Last year O’Brien’s Camelot tried, and failed gallantly, to match Nijinsky’s mighty achievement; but Triple Crown bids are now few and far between and today we are back to a more typical line-up of horses who either just missed out in the mid-summer Classics (Galileo Rock and Libertarian) or those operating below the radar for most of their careers, just coming into their own now tackling longer distances. Plus, most refreshingly, the shock Oaks winner Talent, is flying the flag for the fillies.
Excess Knowledge is a very strong contender in the “under the radar” category and is now a big dot on the screen, not just because he is Gosden’s choice, but also because punters are always drawn to horses who were unlucky in running on their previous outing, as he appeared to be at Glorious Goodwood.
Gosden, confident this extended mile and three quarters will suit, feels Excess Knowledge is the ideal type for the race, but that Goodwood race was a muddling affair throughout and it might be unwise to assume what would have happened given the sort of end-to-end pace more likely to be produced this afternoon.

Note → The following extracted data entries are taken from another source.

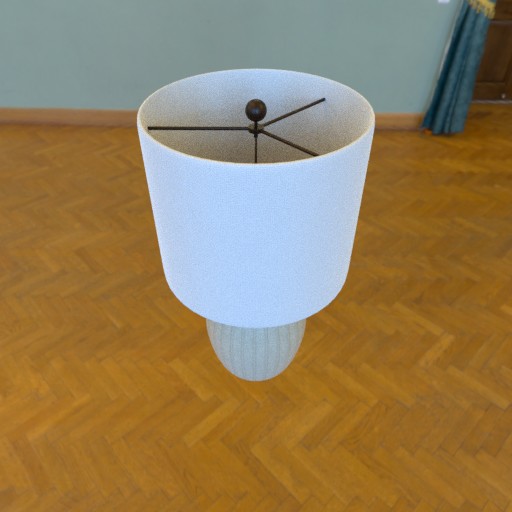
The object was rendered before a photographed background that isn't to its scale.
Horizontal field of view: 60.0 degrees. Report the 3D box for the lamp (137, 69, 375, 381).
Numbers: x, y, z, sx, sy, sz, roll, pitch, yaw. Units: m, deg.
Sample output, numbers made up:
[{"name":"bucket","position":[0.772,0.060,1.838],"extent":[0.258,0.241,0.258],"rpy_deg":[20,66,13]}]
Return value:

Even Andrew Balding’s Havana Beat, last that day, may be a very different proposition this time.
There’s an old saying that Classic form is the most reliable, but there is dwindling confidence behind Galileo Rock, placed in both the English and Irish Derbies, with rain getting into the Town Moor turf, while Libertarian, who joined Godolphin after finishing runner-up at Epsom, has questions to answer after flopping subsequently at the Curragh. Racing manager Simon Crisford certainly did not give the impression earlier this week that a return to top form from Libertarian was anticipated when he nominated Cap O’Rushes as Godolphin’s “most interesting of our three contenders – at the price [around 20-1]” .
Talent has also run poorly since winning the Oaks, but connections believe she might have another surprise up her sleeve now back on easier ground, although she has not enjoyed an ideal preparation. If she can win, she will be the first filly to land the St Leger since User Friendly in 1992.